OPINION: Zuma repeatedly shows he lacks African ethic of responsibility

In 2015 I wrote a piece titled Jacob Zuma, the trickster in which I drew parallels between Zuma’s political Machiavellianism and the slippery trickster figure, uchakide, the African mongoose.

In the piece I drew on an old folk tale in which Chakide, the trickster, first persuades a grandmother to submit to being cooked in a pot, and thereafter he persuades the grandchildren to eat the cooked remains of their granny.

Even when the grandkids begin to suspect they are eating their own granny, Chakide pressurises them to keep eating until they are finished.

Once the kids have entirely consumed their precious gran, Chakide runs off and reveals his macabre deception, mockingly telling them: “Peh! Peh! Nadla ugogo wenu! (You have eaten your grandmother).”

The folktale is a clear parallel for how Zuma wielded manipulative power within the ANC.

His leadership has been about playing a game of someone disarmingly plain and rural.

With that display of rural plainness, Zuma was able to manoeuvre his way through troubles, appearing to be an uncomplicated man of the people.

The ANC itself, much like the children in the folktale, went along, eating up its principles, pushing its own tolerance for distasteful behaviour further, absorbing more and more of the leader’s weaknesses, believing that the rural person in him had a boundary of some sort.

Yet Zuma was far from plain. Unable to curb his taste for accumulation – so obviously on display with the massive size of the Nkandla homestead – his need to accrue became a burden to the nation.

If anything, Zuma has taught us that there are times when a person’s conduct in his household has a bearing on his general orientation towards public office.

Some people may consider it unfair for me to say this, but no adult who has a pattern of failure to financially maintain the needs of his immediate household should be trusted with public office.

I emphasise pattern here.

Any adult who has over two dozen children and continues to have children when his own already-generous public servant salary is overstretched is a reckless adult.

Expect the person who behaves so patently irresponsibly regarding his own household matters to bring the exact same mode of behaviour into public office.

Zuma’s personal behaviour has displayed incorrigibility.

Ironic, for a man who has styled himself as the quintessential Afri-can patriarch, that he fails so dismally ukondla (to maintain his household).

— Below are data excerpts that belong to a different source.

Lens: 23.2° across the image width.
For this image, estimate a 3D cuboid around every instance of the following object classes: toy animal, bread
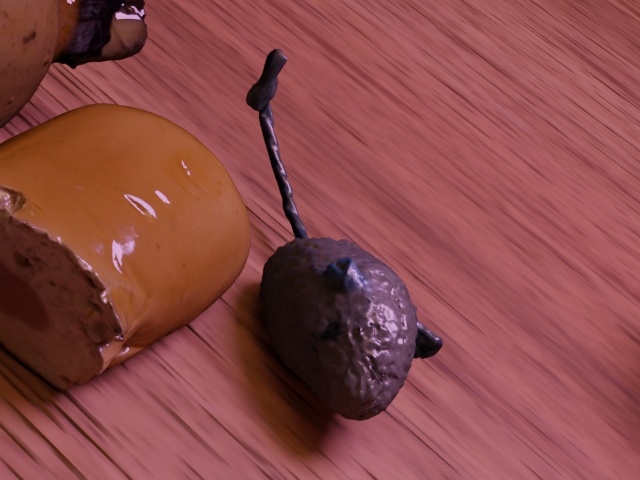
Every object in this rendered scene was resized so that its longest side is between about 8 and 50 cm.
[{"bbox_3d":[-0.002,0.005,0.851,0.070,0.079,0.253,33,24,-37],"label":"toy animal"},{"bbox_3d":[-0.112,-0.009,0.775,0.134,0.085,0.173,34,31,8],"label":"bread"}]

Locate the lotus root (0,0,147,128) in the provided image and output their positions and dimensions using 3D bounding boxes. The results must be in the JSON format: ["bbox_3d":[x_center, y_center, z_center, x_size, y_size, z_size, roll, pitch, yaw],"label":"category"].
[{"bbox_3d":[-0.218,-0.119,0.777,0.310,0.183,0.183,-9,47,-49],"label":"lotus root"}]

Unfortunately, that he sacrificed his life for the struggle is no excuse since, firstly, he built up sufficient social and political capital over the past 20 years in government, and he could have set himself on the correct adult path towards household stability.

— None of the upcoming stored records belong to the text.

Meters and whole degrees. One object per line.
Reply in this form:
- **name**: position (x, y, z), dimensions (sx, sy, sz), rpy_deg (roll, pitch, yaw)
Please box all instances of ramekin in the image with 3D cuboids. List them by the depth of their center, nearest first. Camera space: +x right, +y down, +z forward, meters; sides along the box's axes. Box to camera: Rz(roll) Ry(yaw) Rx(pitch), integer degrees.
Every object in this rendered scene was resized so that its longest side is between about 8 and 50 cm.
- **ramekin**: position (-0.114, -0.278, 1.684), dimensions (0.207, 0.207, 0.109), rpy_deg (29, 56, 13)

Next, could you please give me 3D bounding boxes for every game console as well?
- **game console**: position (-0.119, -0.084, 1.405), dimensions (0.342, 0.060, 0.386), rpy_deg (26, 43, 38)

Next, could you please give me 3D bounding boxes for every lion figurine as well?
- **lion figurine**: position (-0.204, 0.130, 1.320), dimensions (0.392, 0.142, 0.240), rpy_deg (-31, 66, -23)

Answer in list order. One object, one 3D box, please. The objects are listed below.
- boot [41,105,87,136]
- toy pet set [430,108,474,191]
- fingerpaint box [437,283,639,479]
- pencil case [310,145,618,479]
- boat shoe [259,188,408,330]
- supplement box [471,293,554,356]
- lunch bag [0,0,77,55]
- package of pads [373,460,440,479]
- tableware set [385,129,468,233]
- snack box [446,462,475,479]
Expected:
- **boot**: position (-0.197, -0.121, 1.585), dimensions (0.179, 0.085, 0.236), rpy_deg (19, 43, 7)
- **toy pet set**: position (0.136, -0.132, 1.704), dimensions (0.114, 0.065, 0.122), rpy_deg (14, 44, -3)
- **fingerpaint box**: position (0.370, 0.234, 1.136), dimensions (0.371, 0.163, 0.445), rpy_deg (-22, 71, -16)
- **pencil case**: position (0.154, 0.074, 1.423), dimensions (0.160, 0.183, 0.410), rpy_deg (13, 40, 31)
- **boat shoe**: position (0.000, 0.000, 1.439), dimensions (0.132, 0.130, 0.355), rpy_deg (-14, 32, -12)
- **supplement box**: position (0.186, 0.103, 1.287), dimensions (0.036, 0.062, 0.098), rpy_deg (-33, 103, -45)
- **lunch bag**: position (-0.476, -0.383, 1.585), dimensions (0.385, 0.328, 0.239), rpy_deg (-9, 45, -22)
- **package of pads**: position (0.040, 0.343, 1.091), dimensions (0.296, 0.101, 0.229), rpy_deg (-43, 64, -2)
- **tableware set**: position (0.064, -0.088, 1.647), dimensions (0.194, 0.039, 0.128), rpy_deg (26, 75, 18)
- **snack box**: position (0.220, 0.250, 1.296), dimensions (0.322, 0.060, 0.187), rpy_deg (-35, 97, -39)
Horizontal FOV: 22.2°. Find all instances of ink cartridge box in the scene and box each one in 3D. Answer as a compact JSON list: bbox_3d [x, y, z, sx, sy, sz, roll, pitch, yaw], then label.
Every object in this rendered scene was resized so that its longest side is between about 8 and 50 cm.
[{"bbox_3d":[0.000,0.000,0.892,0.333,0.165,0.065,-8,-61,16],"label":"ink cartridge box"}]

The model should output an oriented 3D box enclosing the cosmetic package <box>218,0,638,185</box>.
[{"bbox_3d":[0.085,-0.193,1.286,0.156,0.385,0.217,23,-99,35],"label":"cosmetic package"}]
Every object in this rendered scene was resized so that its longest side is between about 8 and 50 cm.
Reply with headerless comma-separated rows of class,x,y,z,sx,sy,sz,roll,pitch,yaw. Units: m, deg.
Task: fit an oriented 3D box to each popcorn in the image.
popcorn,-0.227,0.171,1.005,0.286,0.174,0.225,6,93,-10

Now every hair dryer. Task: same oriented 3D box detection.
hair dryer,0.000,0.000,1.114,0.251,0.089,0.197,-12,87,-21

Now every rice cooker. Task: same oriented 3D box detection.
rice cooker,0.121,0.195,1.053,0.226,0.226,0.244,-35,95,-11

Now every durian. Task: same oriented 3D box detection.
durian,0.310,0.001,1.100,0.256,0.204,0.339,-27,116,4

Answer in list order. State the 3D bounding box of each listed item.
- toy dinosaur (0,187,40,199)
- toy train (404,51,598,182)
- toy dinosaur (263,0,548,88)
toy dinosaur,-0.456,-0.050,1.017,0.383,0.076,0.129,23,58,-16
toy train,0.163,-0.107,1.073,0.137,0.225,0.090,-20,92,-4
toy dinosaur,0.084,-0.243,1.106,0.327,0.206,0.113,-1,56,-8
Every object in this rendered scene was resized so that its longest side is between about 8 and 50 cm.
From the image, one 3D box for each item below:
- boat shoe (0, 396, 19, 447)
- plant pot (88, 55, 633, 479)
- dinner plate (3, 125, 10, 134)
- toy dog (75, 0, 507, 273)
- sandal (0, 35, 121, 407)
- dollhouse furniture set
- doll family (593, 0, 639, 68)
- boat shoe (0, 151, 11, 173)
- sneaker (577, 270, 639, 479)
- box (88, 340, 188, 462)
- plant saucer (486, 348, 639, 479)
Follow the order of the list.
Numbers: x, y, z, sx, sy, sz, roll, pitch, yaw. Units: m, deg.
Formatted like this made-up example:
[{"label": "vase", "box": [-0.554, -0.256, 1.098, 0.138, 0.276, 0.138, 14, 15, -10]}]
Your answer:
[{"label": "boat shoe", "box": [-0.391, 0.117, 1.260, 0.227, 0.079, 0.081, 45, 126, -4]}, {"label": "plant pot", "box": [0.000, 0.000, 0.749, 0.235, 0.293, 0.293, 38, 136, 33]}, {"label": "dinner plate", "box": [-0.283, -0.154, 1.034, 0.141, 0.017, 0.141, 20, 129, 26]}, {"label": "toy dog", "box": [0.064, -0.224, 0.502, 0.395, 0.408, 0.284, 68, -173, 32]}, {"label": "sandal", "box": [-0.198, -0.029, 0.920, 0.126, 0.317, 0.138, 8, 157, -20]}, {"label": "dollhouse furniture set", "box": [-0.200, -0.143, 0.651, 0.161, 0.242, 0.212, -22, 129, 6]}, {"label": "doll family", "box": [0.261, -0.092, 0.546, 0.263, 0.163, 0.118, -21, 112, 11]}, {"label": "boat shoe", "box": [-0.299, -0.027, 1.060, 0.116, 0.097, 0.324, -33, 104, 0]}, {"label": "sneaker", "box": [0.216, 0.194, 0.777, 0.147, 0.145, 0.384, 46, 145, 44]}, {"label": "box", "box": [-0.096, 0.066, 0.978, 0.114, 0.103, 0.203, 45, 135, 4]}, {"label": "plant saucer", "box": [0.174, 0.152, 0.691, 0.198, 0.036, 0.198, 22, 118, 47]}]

People will tell you we are prejudiced towards Zuma’s cultural outlook when we criticise his expansive household tendencies.

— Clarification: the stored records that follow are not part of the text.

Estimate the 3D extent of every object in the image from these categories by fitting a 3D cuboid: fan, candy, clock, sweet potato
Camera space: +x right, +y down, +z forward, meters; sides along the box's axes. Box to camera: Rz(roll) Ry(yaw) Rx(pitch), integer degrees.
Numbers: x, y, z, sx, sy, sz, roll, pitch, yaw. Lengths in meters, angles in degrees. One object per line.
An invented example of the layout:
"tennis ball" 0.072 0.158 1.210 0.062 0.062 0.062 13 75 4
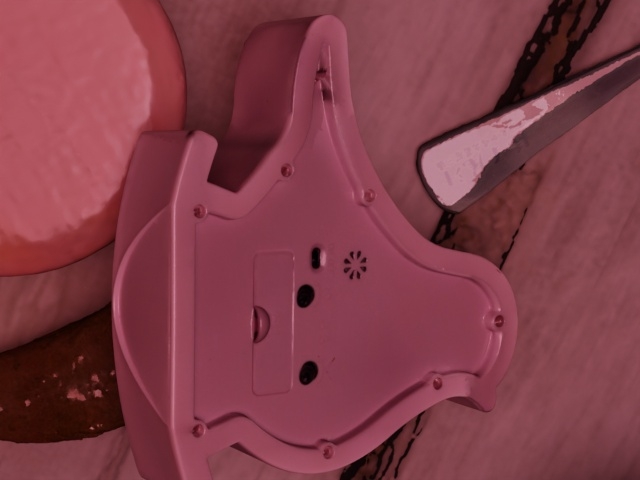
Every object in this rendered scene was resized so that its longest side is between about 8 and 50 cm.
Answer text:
"fan" 0.198 -0.106 1.051 0.282 0.023 0.057 -29 96 1
"candy" -0.212 -0.105 0.984 0.255 0.094 0.255 0 96 -4
"clock" 0.000 0.000 0.955 0.275 0.080 0.290 -7 100 -34
"sweet potato" -0.102 0.055 1.011 0.341 0.092 0.114 -33 80 -1
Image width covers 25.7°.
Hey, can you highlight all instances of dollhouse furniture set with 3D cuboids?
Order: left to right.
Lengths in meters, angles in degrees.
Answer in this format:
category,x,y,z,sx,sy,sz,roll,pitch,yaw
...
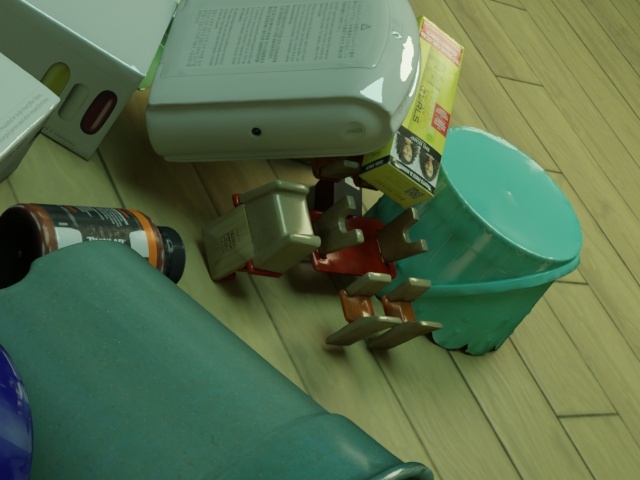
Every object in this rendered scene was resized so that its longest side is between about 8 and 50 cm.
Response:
category,x,y,z,sx,sy,sz,roll,pitch,yaw
dollhouse furniture set,0.000,0.000,1.703,0.259,0.135,0.262,9,61,-46

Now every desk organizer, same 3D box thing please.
category,x,y,z,sx,sy,sz,roll,pitch,yaw
desk organizer,0.023,-0.046,1.866,0.047,0.050,0.130,29,33,-19

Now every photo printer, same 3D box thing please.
category,x,y,z,sx,sy,sz,roll,pitch,yaw
photo printer,-0.034,-0.205,1.676,0.307,0.107,0.256,-2,43,11

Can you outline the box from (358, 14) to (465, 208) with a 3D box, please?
category,x,y,z,sx,sy,sz,roll,pitch,yaw
box,0.116,-0.161,1.746,0.087,0.058,0.232,34,54,-30

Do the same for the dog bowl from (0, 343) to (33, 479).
category,x,y,z,sx,sy,sz,roll,pitch,yaw
dog bowl,-0.346,0.152,1.014,0.265,0.265,0.104,60,4,29

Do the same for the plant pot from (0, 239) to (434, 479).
category,x,y,z,sx,sy,sz,roll,pitch,yaw
plant pot,-0.141,0.196,1.152,0.334,0.341,0.341,44,31,21

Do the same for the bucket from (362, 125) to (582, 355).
category,x,y,z,sx,sy,sz,roll,pitch,yaw
bucket,0.203,-0.005,1.879,0.281,0.183,0.281,26,35,-20

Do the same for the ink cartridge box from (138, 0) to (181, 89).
category,x,y,z,sx,sy,sz,roll,pitch,yaw
ink cartridge box,-0.228,-0.304,1.924,0.171,0.056,0.235,45,30,6

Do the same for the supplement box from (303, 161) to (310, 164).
category,x,y,z,sx,sy,sz,roll,pitch,yaw
supplement box,0.016,-0.212,1.886,0.130,0.239,0.073,17,41,-33

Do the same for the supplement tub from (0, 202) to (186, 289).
category,x,y,z,sx,sy,sz,roll,pitch,yaw
supplement tub,-0.236,0.016,1.461,0.198,0.106,0.106,2,48,-45

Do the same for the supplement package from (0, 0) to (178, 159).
category,x,y,z,sx,sy,sz,roll,pitch,yaw
supplement package,-0.331,-0.260,1.671,0.262,0.145,0.204,31,32,-14

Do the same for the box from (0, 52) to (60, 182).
category,x,y,z,sx,sy,sz,roll,pitch,yaw
box,-0.401,-0.127,1.454,0.182,0.119,0.181,37,32,-5
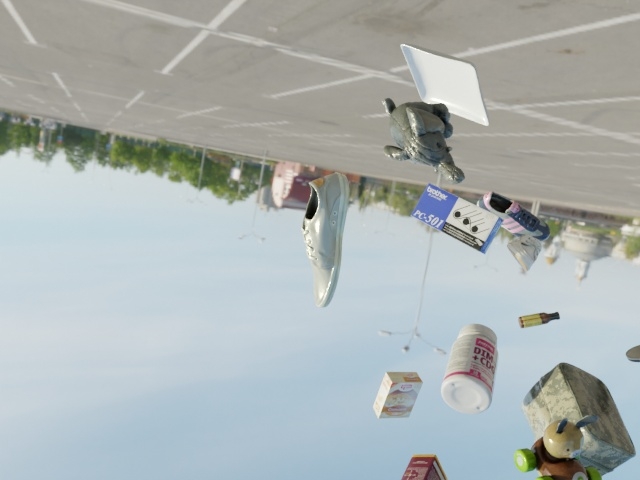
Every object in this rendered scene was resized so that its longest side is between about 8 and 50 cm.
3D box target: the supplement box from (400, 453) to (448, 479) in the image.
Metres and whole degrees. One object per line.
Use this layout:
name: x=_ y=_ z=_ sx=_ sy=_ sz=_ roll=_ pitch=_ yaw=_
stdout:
supplement box: x=0.276 y=0.698 z=1.542 sx=0.080 sy=0.104 sz=0.188 roll=-18 pitch=-166 yaw=37

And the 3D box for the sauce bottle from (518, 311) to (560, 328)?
sauce bottle: x=0.718 y=0.259 z=1.831 sx=0.128 sy=0.042 sz=0.042 roll=-10 pitch=-178 yaw=10

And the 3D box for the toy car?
toy car: x=0.554 y=0.467 z=1.249 sx=0.154 sy=0.189 sz=0.149 roll=-2 pitch=-150 yaw=-19

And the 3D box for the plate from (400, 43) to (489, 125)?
plate: x=0.404 y=-0.499 z=1.754 sx=0.278 sy=0.045 sz=0.277 roll=34 pitch=170 yaw=37

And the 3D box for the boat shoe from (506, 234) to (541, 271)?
boat shoe: x=0.682 y=0.025 z=1.846 sx=0.096 sy=0.098 sz=0.277 roll=-34 pitch=-179 yaw=19

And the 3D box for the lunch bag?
lunch bag: x=0.741 y=0.559 z=1.673 sx=0.212 sy=0.256 sz=0.305 roll=28 pitch=-149 yaw=-15

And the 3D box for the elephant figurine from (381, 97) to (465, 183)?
elephant figurine: x=0.233 y=-0.235 z=1.292 sx=0.185 sy=0.170 sz=0.239 roll=-6 pitch=-155 yaw=17

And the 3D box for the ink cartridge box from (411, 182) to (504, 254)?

But it is Zuma’s behaviour that was the insult to African culture.

Traditionally, a man was expected to take on a household size fit for his level of economic wealth.

Besides, each wife in a polygamous setup would have had to till her own fields and contribute towards the upkeep of her own children.

There was nothing fundamentally African about our president’s lack of responsibility.

Instead, what was strange for someone like me, having grown up in a rural area, was to watch a man who violated every code of masculine honour.

Worst of all, this was a man who seemed to be at the total behest of venal men – the Guptas – who seemed to have turned him into a mendicant in his own home.

For years it has bothered me that this African man, who should at the least have an inner sense of inkani (stubbornness) willingly placed himself at the beck and call of the Gupta nonentities.

Everything he does violates what I grew up being taught as African sense, and nothing he has done remotely resembles the universally accepted norm of “responsible adult male”.